Integrable Systems - Order

An important class of potential based two-dimensional motion are those that are integrable. For these systems there exists a second conserved quantity, a constant of the motion, constraining the trajectory to a two dimensional manifold in the four dimensional phase space. Two familiar kinds of such integrable systems are those based on the separable and central potentials.

In the separable potential case the potential is the sum of two independent functions of $x$ and $y$ respectively, $V(x,y)=V_x(x)+V_y(y)$. This leads to two conserved quantities, $E_x$ and $E_y$, the energies in $x$ and $y$ motions respectively. The trajectories in $x$ and $y$ decouple from each other, each behaving as one-dimensional motion. Each of these motions trace concentric ellipses, or concentric deformed contours, in the $x, p_x$ and $y, p_y$ independent two-dimensional phase spaces.

The solutions of these problems can be derived analytically by combining two one-dimensional solutions obtained by techniques from classical mechanics.

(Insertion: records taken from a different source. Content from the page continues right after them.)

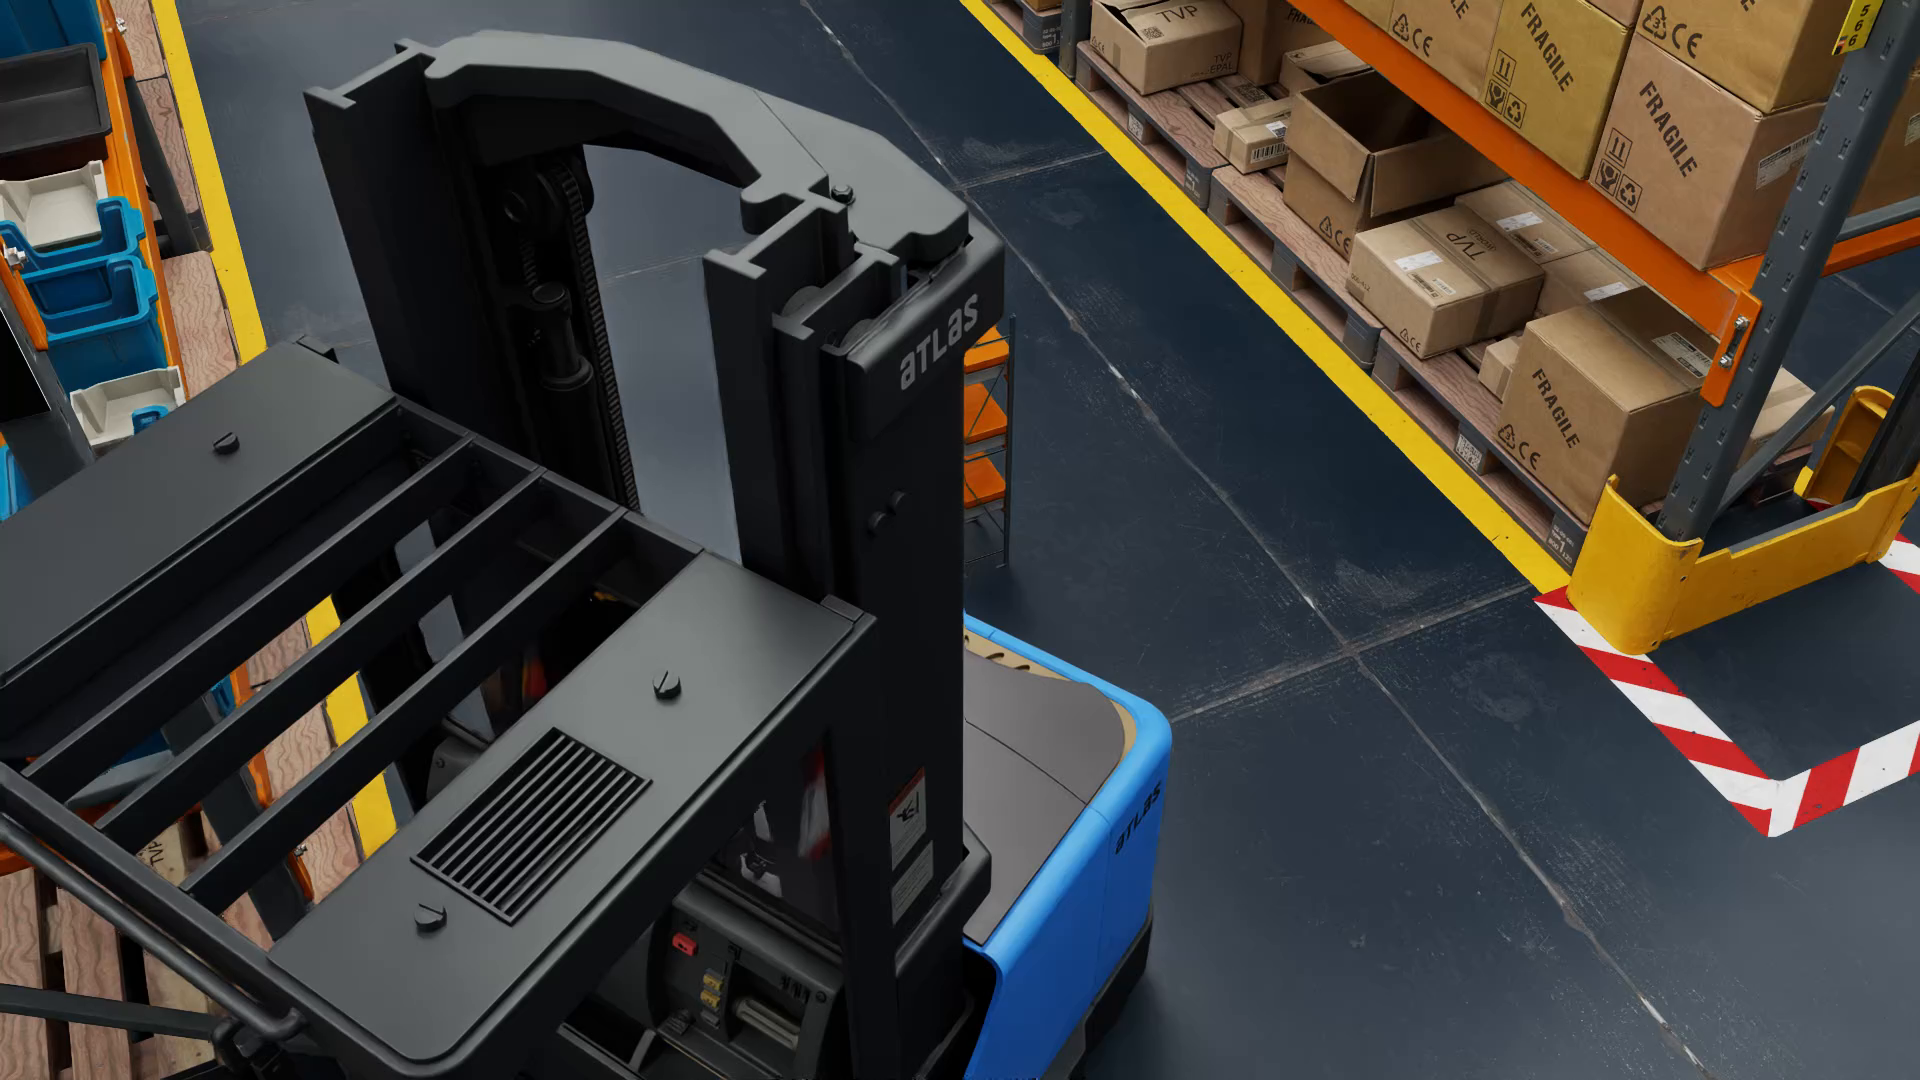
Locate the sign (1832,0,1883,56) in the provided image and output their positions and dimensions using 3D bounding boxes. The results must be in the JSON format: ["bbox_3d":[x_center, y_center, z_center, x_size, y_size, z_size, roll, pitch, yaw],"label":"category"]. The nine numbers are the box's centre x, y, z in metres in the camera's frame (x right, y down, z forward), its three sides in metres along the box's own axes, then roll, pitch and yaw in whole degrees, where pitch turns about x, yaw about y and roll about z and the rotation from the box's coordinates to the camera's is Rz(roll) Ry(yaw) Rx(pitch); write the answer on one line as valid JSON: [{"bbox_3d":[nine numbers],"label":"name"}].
[{"bbox_3d":[2.126,-1.286,3.868,0.100,0.325,0.005,-18,47,-17],"label":"sign"}]

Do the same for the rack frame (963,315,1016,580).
[{"bbox_3d":[0.074,-0.262,5.268,0.200,1.050,0.008,-18,47,-17],"label":"rack frame"}]

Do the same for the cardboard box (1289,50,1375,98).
[{"bbox_3d":[1.768,-1.904,7.145,0.500,0.311,0.500,-18,47,-17],"label":"cardboard box"}]

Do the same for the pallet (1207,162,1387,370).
[{"bbox_3d":[1.761,-1.252,6.869,1.003,0.211,1.213,-18,47,-17],"label":"pallet"}]

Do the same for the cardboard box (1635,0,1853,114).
[{"bbox_3d":[2.201,-1.506,4.358,0.500,0.500,0.500,-18,48,-18],"label":"cardboard box"}]

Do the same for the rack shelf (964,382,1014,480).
[{"bbox_3d":[0.022,-0.332,5.354,0.215,0.259,0.240,-18,47,-17],"label":"rack shelf"}]

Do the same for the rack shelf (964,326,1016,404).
[{"bbox_3d":[0.022,-0.534,5.155,0.215,0.259,0.240,-18,47,-17],"label":"rack shelf"}]

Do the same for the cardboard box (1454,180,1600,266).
[{"bbox_3d":[2.246,-1.158,6.432,0.500,0.250,0.500,-18,47,-17],"label":"cardboard box"}]

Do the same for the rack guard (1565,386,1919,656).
[{"bbox_3d":[2.606,-0.071,5.466,1.175,0.500,0.348,-18,47,-17],"label":"rack guard"}]

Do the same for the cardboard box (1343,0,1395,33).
[{"bbox_3d":[1.565,-2.123,5.695,0.500,0.500,0.500,-19,48,-18],"label":"cardboard box"}]

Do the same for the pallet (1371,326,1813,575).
[{"bbox_3d":[2.270,-0.476,6.082,1.003,0.211,1.213,-18,47,-17],"label":"pallet"}]

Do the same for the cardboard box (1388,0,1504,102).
[{"bbox_3d":[1.776,-1.802,5.370,0.500,0.500,0.500,-18,47,-17],"label":"cardboard box"}]

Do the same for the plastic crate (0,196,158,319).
[{"bbox_3d":[-2.343,-0.699,4.399,0.416,0.233,0.300,-18,47,-17],"label":"plastic crate"}]

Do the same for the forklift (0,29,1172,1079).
[{"bbox_3d":[-0.725,0.799,2.853,1.130,2.935,3.031,25,50,23],"label":"forklift"}]

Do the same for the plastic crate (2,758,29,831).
[{"bbox_3d":[-2.168,0.356,3.186,0.616,0.435,0.499,-18,47,-17],"label":"plastic crate"}]

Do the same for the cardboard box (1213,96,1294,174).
[{"bbox_3d":[1.309,-1.730,7.072,0.380,0.166,0.250,-18,47,-17],"label":"cardboard box"}]

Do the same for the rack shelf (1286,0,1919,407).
[{"bbox_3d":[1.797,-1.931,6.084,1.077,0.370,4.000,-18,47,-17],"label":"rack shelf"}]

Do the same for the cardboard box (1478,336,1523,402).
[{"bbox_3d":[2.097,-0.619,5.946,0.380,0.166,0.250,-18,47,-17],"label":"cardboard box"}]

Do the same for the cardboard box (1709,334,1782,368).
[{"bbox_3d":[2.668,-0.588,5.915,0.380,0.166,0.250,-18,47,-17],"label":"cardboard box"}]

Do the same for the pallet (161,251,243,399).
[{"bbox_3d":[-3.195,-0.551,6.159,1.003,0.211,1.213,-18,47,-17],"label":"pallet"}]

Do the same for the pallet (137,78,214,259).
[{"bbox_3d":[-3.826,-1.513,7.133,1.003,0.211,1.213,-18,47,-17],"label":"pallet"}]

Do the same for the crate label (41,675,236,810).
[{"bbox_3d":[-1.663,0.332,3.355,0.416,0.233,0.303,-18,47,-17],"label":"crate label"}]

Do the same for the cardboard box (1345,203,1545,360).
[{"bbox_3d":[1.814,-0.978,6.250,0.500,0.250,0.500,-18,47,-17],"label":"cardboard box"}]

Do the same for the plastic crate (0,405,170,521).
[{"bbox_3d":[-1.940,-0.088,3.780,0.416,0.233,0.300,-18,47,-17],"label":"plastic crate"}]

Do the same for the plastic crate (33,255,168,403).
[{"bbox_3d":[-2.217,-0.507,4.205,0.416,0.233,0.300,-18,47,-17],"label":"plastic crate"}]

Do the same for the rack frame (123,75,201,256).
[{"bbox_3d":[-3.540,-2.001,5.642,1.000,3.000,0.127,-18,47,-17],"label":"rack frame"}]

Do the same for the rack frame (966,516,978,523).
[{"bbox_3d":[-0.029,-0.417,5.425,0.200,1.050,0.008,-18,47,-17],"label":"rack frame"}]

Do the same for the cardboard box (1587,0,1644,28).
[{"bbox_3d":[1.988,-1.828,4.684,0.500,0.500,0.500,-17,47,-16],"label":"cardboard box"}]

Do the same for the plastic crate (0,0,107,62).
[{"bbox_3d":[-3.034,-1.820,5.428,0.392,0.384,0.575,-18,47,-17],"label":"plastic crate"}]

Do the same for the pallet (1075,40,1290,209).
[{"bbox_3d":[1.244,-2.031,7.658,1.003,0.211,1.213,-18,47,-17],"label":"pallet"}]

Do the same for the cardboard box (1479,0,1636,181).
[{"bbox_3d":[1.981,-1.483,5.046,0.500,0.500,0.500,-18,47,-17],"label":"cardboard box"}]

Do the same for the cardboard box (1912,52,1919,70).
[{"bbox_3d":[2.691,-1.665,4.518,0.500,0.500,0.500,-17,47,-16],"label":"cardboard box"}]

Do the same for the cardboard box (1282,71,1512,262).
[{"bbox_3d":[1.751,-1.534,6.633,0.797,0.503,0.637,-18,47,-17],"label":"cardboard box"}]

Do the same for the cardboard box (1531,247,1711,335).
[{"bbox_3d":[2.456,-0.839,6.109,0.500,0.250,0.500,-18,47,-17],"label":"cardboard box"}]

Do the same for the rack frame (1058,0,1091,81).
[{"bbox_3d":[0.956,-3.462,7.123,1.000,3.000,0.127,-18,47,-17],"label":"rack frame"}]

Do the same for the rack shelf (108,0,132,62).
[{"bbox_3d":[-4.381,-3.020,7.187,1.077,0.370,4.000,-18,47,-17],"label":"rack shelf"}]

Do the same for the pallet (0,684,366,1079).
[{"bbox_3d":[-2.169,1.004,4.583,1.003,0.211,1.213,-18,47,-17],"label":"pallet"}]

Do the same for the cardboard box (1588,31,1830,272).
[{"bbox_3d":[2.203,-1.153,4.712,0.500,0.500,0.500,-17,47,-16],"label":"cardboard box"}]

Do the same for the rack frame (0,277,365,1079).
[{"bbox_3d":[-1.861,0.549,3.058,0.949,2.616,0.053,-18,47,-17],"label":"rack frame"}]

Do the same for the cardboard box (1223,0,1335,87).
[{"bbox_3d":[1.453,-2.449,7.563,0.500,0.500,0.500,-18,47,-17],"label":"cardboard box"}]

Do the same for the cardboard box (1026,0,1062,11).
[{"bbox_3d":[0.488,-2.958,8.079,0.500,0.500,0.500,-18,47,-18],"label":"cardboard box"}]

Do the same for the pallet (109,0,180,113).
[{"bbox_3d":[-4.343,-2.291,7.922,1.003,0.211,1.213,-18,47,-17],"label":"pallet"}]

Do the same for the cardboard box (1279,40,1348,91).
[{"bbox_3d":[1.665,-2.103,7.462,0.380,0.149,0.250,-18,47,-17],"label":"cardboard box"}]

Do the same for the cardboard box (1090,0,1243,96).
[{"bbox_3d":[0.936,-2.330,7.577,0.500,0.311,0.500,-18,47,-17],"label":"cardboard box"}]

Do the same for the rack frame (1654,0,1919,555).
[{"bbox_3d":[2.638,-0.913,4.539,1.000,3.000,0.127,-18,47,-17],"label":"rack frame"}]

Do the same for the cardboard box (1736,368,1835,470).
[{"bbox_3d":[2.774,-0.423,5.759,0.380,0.149,0.250,-18,47,-17],"label":"cardboard box"}]

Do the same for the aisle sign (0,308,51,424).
[{"bbox_3d":[-1.558,-0.419,2.188,0.394,0.787,0.004,-18,47,-17],"label":"aisle sign"}]

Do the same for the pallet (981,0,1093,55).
[{"bbox_3d":[0.580,-2.976,8.616,1.003,0.211,1.213,-18,47,-17],"label":"pallet"}]

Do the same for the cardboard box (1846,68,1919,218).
[{"bbox_3d":[2.691,-1.309,4.870,0.500,0.500,0.500,-17,47,-17],"label":"cardboard box"}]

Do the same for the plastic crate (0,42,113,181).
[{"bbox_3d":[-2.825,-1.291,5.075,0.437,0.125,0.590,-18,47,-17],"label":"plastic crate"}]

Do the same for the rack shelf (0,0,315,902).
[{"bbox_3d":[-2.699,-0.471,4.603,1.077,0.370,4.000,-18,47,-17],"label":"rack shelf"}]

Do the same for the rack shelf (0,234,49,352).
[{"bbox_3d":[-2.699,-1.538,3.550,1.077,0.370,4.000,-18,47,-17],"label":"rack shelf"}]

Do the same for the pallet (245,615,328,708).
[{"bbox_3d":[-2.679,0.227,5.369,1.003,0.211,1.213,-18,47,-17],"label":"pallet"}]

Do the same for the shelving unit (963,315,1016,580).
[{"bbox_3d":[0.022,-0.340,5.347,0.215,1.050,0.252,-18,47,-17],"label":"shelving unit"}]

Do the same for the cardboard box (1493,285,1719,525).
[{"bbox_3d":[2.186,-0.453,5.540,0.500,0.500,0.500,-18,47,-17],"label":"cardboard box"}]

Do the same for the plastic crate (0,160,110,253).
[{"bbox_3d":[-2.535,-0.908,4.679,0.293,0.136,0.466,-18,47,-17],"label":"plastic crate"}]

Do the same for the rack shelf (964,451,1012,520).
[{"bbox_3d":[0.022,-0.134,5.549,0.215,0.259,0.240,-18,47,-17],"label":"rack shelf"}]

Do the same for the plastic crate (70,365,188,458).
[{"bbox_3d":[-2.008,-0.295,4.059,0.250,0.136,0.298,-18,47,-17],"label":"plastic crate"}]

The total energy $E = E_x + E_y$ is a constant. Assume that $V_{x,y}$ have a minimum (zero value) at particular values of $x$ and $y$ respectively. Fig. 2.1 shows schematically trajectories (labeled A to E) with energies from 0 to $E$. Therefore the trajectories in the $x, p_x$ and $y, p_y$ subspaces combine to describe the trajectories of the particle in 4-dimensional phase space.

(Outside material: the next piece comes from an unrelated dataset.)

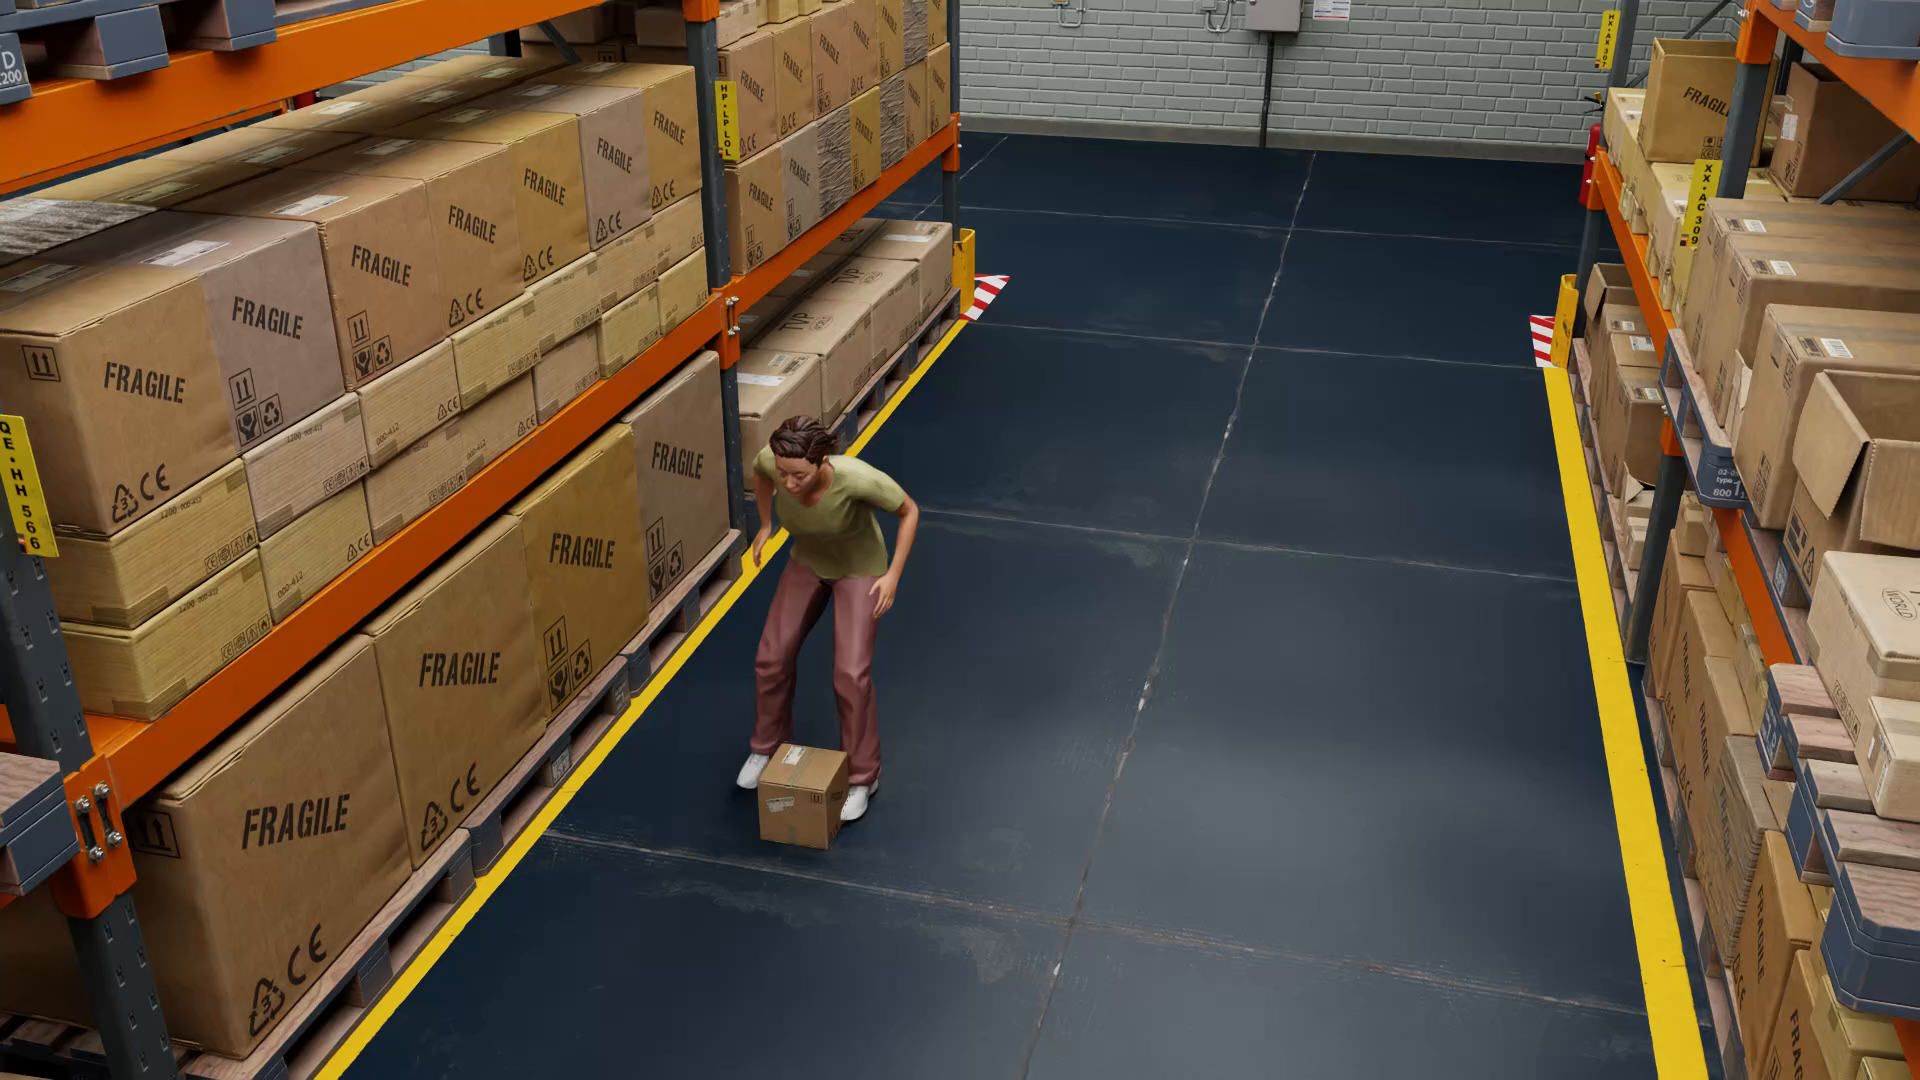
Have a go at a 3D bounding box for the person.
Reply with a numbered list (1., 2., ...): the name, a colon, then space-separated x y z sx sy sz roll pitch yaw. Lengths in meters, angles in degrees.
1. person: -0.484 0.203 5.874 0.652 1.514 0.607 9 27 19

From another point of view, the concentric closed contours in Fig. 2.1 result from the intersections of the full trajectories with the appropriate plane. They are called Surfaces of Section (SOS). The concentric closed contours are the hallmark of integrability.

The central potential case

$$V(x,y) = V_r(r) , r = \sqrt{x^2 + y^2}$$

leads to the angular momentum, $L = m ( x v_y - y v_x )$ as the second conserved quantity. The trajectories are again constrained to be on a two-dimensional manifold in the four-dimensional phase space.

Although the dynamics of integrable systems are simple, it is often not easy to make this simplicity apparent. The trajectories remain in four-dimensional phase space despite being restricted to two-dimensional manifolds. We can deduce hints about the topology of the latter by considering a central potential. The total energy of such a system can be written as

$$E = K_{radial} + K_{angular} + V(r)$$

The energy in the angular motion is $K_{angular} = \frac{L^2}{2 m r^2}$. For constant $E$ and $L$, the radial motion is bounded between two turning points (where $K_{radial} = 0$), $r_{in}$ and $r_{out}$, which are the solutions of

$$E - V(r) - \frac{L^2}{2 m r^2} = 0$$

For any $r_{in} < r < r_{out}$ the radial kinetic energy is $K_{radial} = E - K_{angular} - V(r)$, which sets the radial velocity $\pm v_r(r)$. Thus the two-dimensional manifold on which these trajectories reside has the topology of a torus.

A $y, v_y$ SOS, built by recording $y$ and $v_y$ each time that $x = 0$ along the trajectory, should show closed contours. Recall that $v_r$ is $v_y$ on this SOS. Changing $E$ or $L$ will change the dimension of the torus and therefore will also change the contours in the SOS.

The toroidal topology of the phase space of a central potential can be shown to characterize all integrable systems. The manifold on which lies a trajectory with given constants of the motion is called an Invariant Torus. There are many of these for a given energy. The SOS might schematically look like the following:

There are fixed points associated with trajectories that repeat exactly after some period. The elliptic fixed points organize stable trajectories under perturbations. Around each of these there is a family of concentric tori, bounded by a separatrix. The hyperbolic fixed points occur at the intersections of separatrices. They are stable under perturbation along one of the axis of the hyperbola, but unstable along the other.